2.1.1.3 Des manuels de journalisme, des ouvrages et des articles

Nous avons inclus, de manière moins exhaustive et systématique, plusieurs publications consacrées au journalisme belge, dont des livres et des articles de revue. Plusieurs manuels issus de différentes écoles de journalisme belges ont également été consultés. Nous avons considéré le discours pédagogique comme révélant des représentations sur ce que doit être le métier de journaliste et sur la manière dont le groupe professionnel doit le pratiquer (voir Ruellan, 2006 : 377 ; Montañola et Souanef, 2012 : 160). Deux manuels inclus à notre corpus proviennent de l’Institut pour journalistes de Belgique. Inauguré en 1921 et émanant directement de l’AGJPB, cet institut constitue la première école belge de journalisme. Après avoir pris le nom d’Institut de journalisme (IDJ) au tournant des années 2000, il a fermé ses portes en 2013.

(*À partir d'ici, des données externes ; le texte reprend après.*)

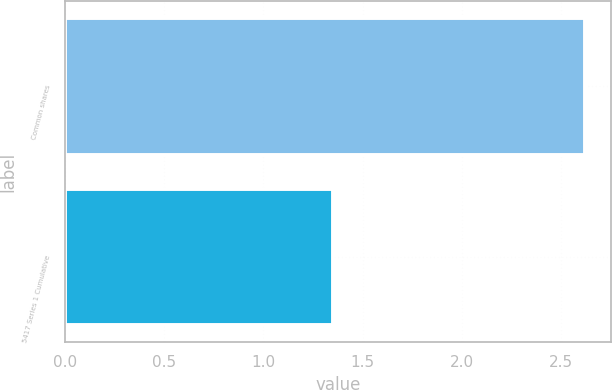<chart> <loc_0><loc_0><loc_500><loc_500><bar_chart><fcel>Common shares<fcel>5417 Series 1 Cumulative<nl><fcel>2.62<fcel>1.35<nl></chart> 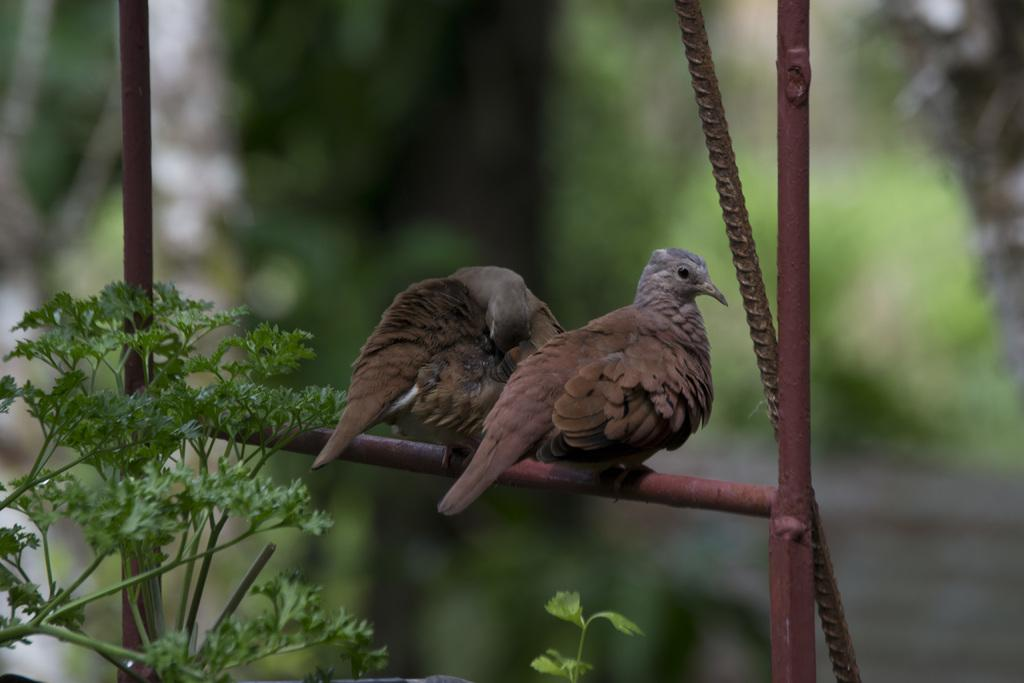What can be seen on the iron rod in the image? There are two birds on an iron rod in the image. What is located on the left side of the image? There are trees on the left side of the image. What color is the background of the image? The background of the image is green in color. How is the image blurred? The image is blurred in the background. How many rabbits can be seen in the image? There are no rabbits present in the image; it features two birds on an iron rod. What type of picture is being displayed in the image? There is no picture present in the image; it is a photograph of birds on an iron rod, trees, and a green background.

Nous avons également été aidé, dans cette recherche de documents, par la bibliographie d’un mémoire réalisé en 1994 à l’Université libre de Bruxelles intitulé Publicité et médias : facteurs de dégradation de la langue française ? (Thomas, 1994). Plusieurs sources utilisées par l’auteure ont ainsi été incluses à notre corpus. De plus, c’est cette bibliographie qui nous a mené, en premier lieu, à nous diriger vers les archives de La revue générale (voir section 2.1.3).